09 February 2011 23:59 [Source: ICIS news]
LONDON (ICIS)--European toluene di-isocyanate (TDI) contract prices have largely firmed in February, driven by mounting cost pressure and the urgent need to recover lost margins, market players said on Wednesday.
Rollovers were also heard from some buyers, who said that higher costs were weighed against sufficient supply. Manufacturers largely contested this, although one producer was aware of some rollovers available in the market.
“The increases [for TDI in February] are driven by costs," one customer said. "The rising toluene [feedstock] cost and recent drop [in TDI prices] have become a problem and they have put a stop to it.”
One TDI manufacturer said: “It is a turning point in February, we are not satisfied with the increase, it is only marginally covering the cost-increase, but after months of dropping prices, they are now moving upwards. It is symbolic.”
Producers said they had secured hikes of €20-90/tonne ($27-123/tonne) in February, although buyers reported a mix of rollovers to increases of €20-50/tonne, with average rises pegged between €20-30/tonne.
TDI contract prices in February were assessed between €1,940-1,990/tonne FD (free delivered) NWE (northwest Europe).
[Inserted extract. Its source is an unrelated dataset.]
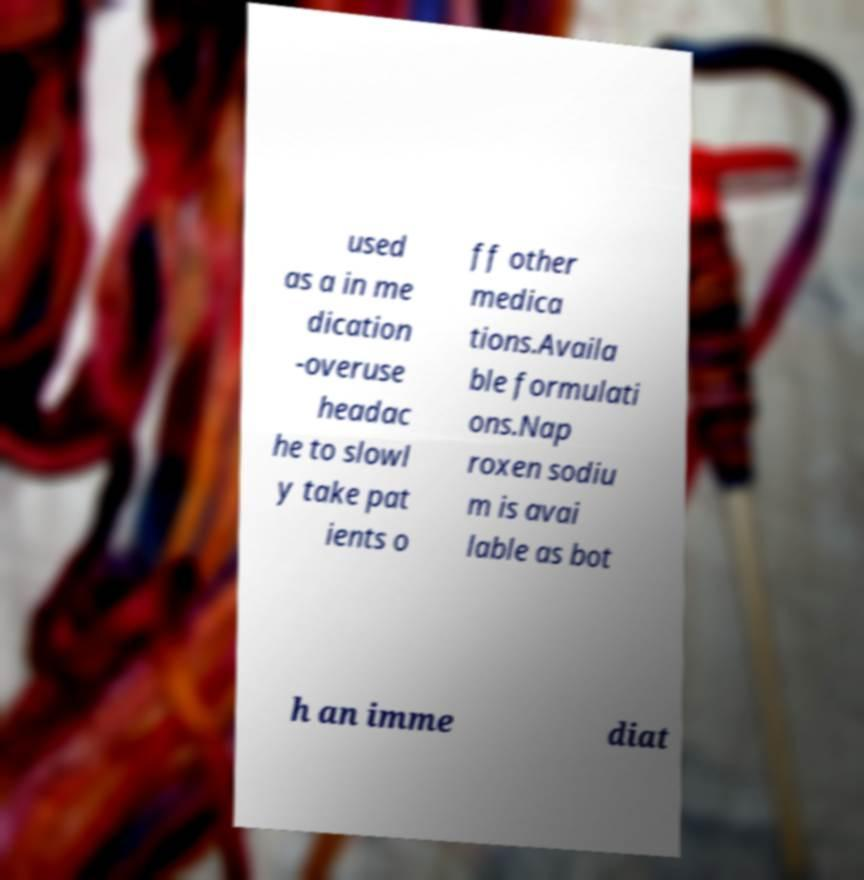Please read and relay the text visible in this image. What does it say? used as a in me dication -overuse headac he to slowl y take pat ients o ff other medica tions.Availa ble formulati ons.Nap roxen sodiu m is avai lable as bot h an imme diat

This represented an increase of €20-30/tonne from January. Rollovers were largely incorporated within the range.
Numbers either side of the spread were also heard in a few cases, but there was insufficient market confirmation to substantiate this.
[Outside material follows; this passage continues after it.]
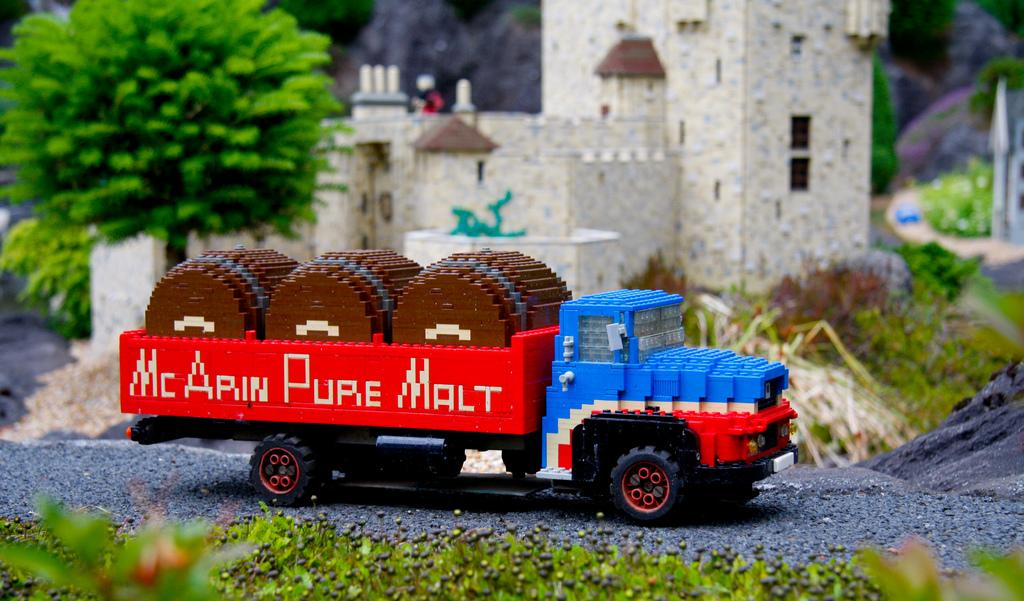What is the main subject of the image? There is a vehicle in the image. What type of objects are made of Lego in the image? There are objects made of Lego in the image. What can be seen in the background of the image? There are buildings, trees, and other unspecified objects in the background of the image. What word is written on the side of the vehicle in the image? There is no word written on the side of the vehicle in the image. Can you provide an example of one of the unspecified objects in the background of the image? Since the unspecified objects are not described in the facts, we cannot provide an example of one of them.

Demand was reasonable-to-good, depending on source. Supply was generally sufficient, although sellers suggested a tightening tendency on the back of healthy demand and a spate of planned and unplanned outages.
Looking to March, producers were already gearing up for further increases, based on the ongoing need to restore profitability.
One seller stressed that it would need to recover at least €200/tonne in total by the end of the first quarter, in order to recoup the losses incurred since December 2010.
Buying sources were also aware that the cost pressure, along with plant maintenances for a number of players in the next few months, could give rise to increases for TDI in March.
However, one customer was also mindful that it could be a limited window, given the new TDI capacity, expected onstream in Europe by mid this year.
Borsodchem’s 90,000 tonne/year TDI plant 1 at Kazincbarcika, in Hungary, was expected to undergo routine maintenance in the second half of February for approximately one week. The company’s TDI unit 2 was scheduled to come onstream by mid 2011, with a gradual ramp-up expected during the second part of the year.
Perstorp’s TDI facility at Pont-de-Claix, in France was likely to go down for planned maintenance at the end of the first quarter for approximately one week.
The company has recently lifted the force majeure (FM) on its TDI supplies at the site, after resuming normal operating rates, although stocks remained low. The nameplate capacity for TDI at the site was pegged at 126,000 tonnes/year, according to Perstorp.
There was also market speculation that BASF’s 80,000 tonne/year TDI facility at Schwarzheide, in Germany was likely to enter into a maintenance turnaround in the next few months. However, the company was unavailabe for comment.